Current researches on vertical axis wind turbines with asymmetric airfoils are scarce. Bausas and Danao investigated the aerodynamic characteristics of an experimental model with cambered blades in the non-constant wind by numerical simulation method. It showed that the VAWT blades with 1.5% camber showed the best performance (Bausas and Danao, 2015). Feng et al. analyzed the static torque coefficient, output power, and blade friction coefficient under static and dynamic conditions for vertical axis wind turbines with asymmetric airfoils S809, S1046, and symmetric airfoils NACA0018. It was concluded that vertical axis wind turbines with the S1046 airfoils had better dynamic aerodynamic characteristics (Feng et al., 2018). Subramanian et al. conducted a numerical simulation method of small asymmetric airfoil vertical axis wind turbines. It was revealed that an increase in the relative thickness of the airfoil within a certain range can raise the efficiency of the model. And wind turbine blades can be easily separated at large angles of attack (Subramanian et al., 2017).

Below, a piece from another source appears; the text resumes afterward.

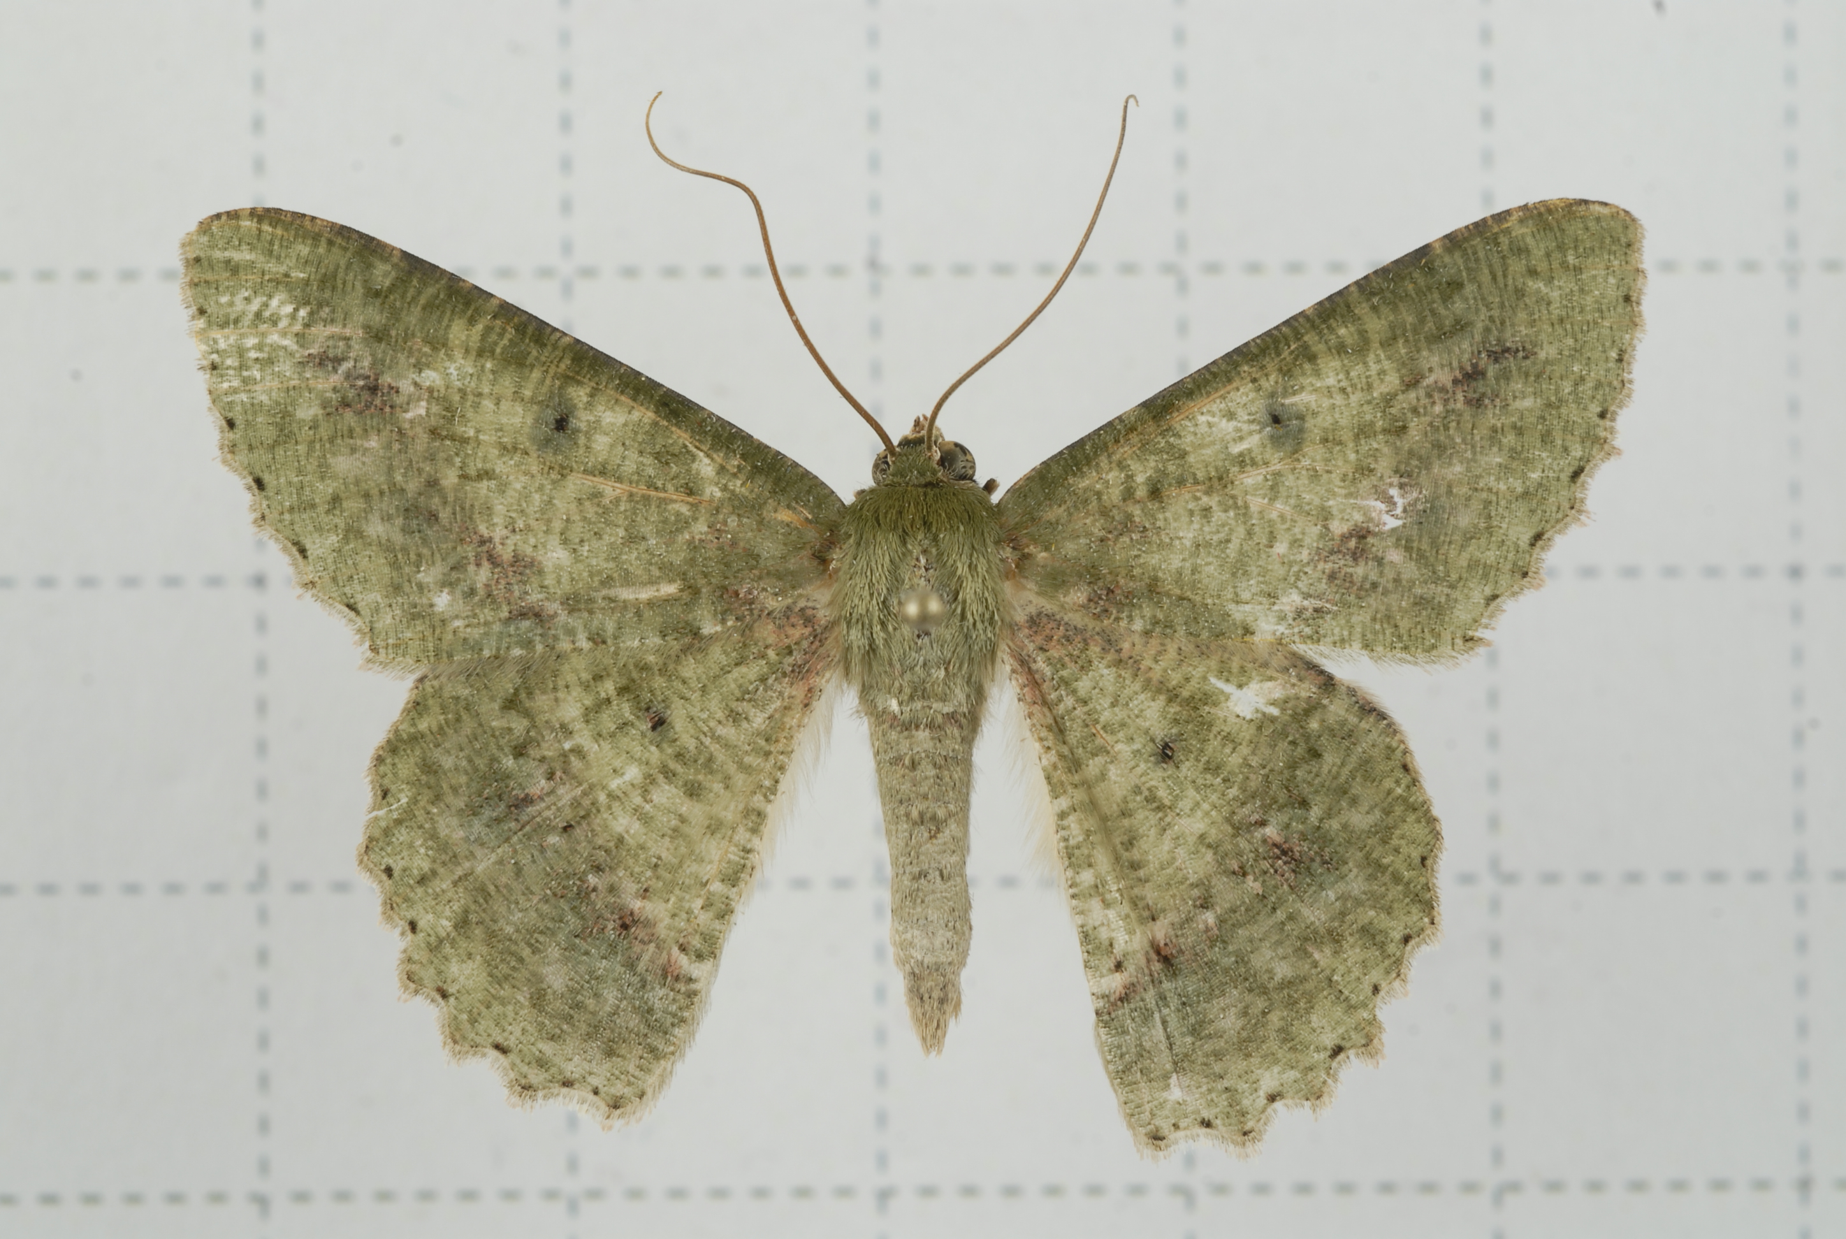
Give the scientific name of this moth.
Herochroma cristata

The subject of this paper is the influence of symmetric and asymmetric airfoils on the aerodynamic performance of vertical axis wind turbines under multiple working situations. Both two wind turbine models have three blades. The utilization rate of wind energy is compared and analyzed in three constant wind environments at multiple tip speed ratios. And the aerodynamics of the two types of airfoils is further examined by observing velocity contours and vortex contours.

Numerical method

Model parameters

Listed in Table 1 are the essential parameters of the wind turbines with symmetric airfoils NACA0021 and asymmetric airfoils DU97-W-300 models.

Table 1.

Wind turbines model parameters.

Denomination	Value
Blade number (N)	3
Blade airfoil (attended)	NACA0021, DU97-W-300
Height(H) [m]	0.8
Radius(R) [m]	1
Chord(C) [m]	0.2
Wind speed(V) [m/s]	7,8,9

The original airfoil, also known as the symmetrical airfoil, is a typical airfoil with a straight mid-arc with identical flow characteristics at positive and negative angles of attack. The asymmetric airfoil, which is frequently employed in axial fans and compressors (Yilmaz et al., 2018), is a curved mid-arc airfoil with variable flow characteristics at positive and negative angles of attack. The airfoil blade is an important part of wind energy capture, and its selection plays a crucial part in the aerodynamic characteristics of the experimental models.

Two types of airfoils are represented in model diagrams in Figure 1. The chord length of the airfoils is 0.2 m and the wind turbine is counterclockwise. The azimuth angle of the initial position is 0°.

Figure 1.

Schematic diagram of the two types of airfoils.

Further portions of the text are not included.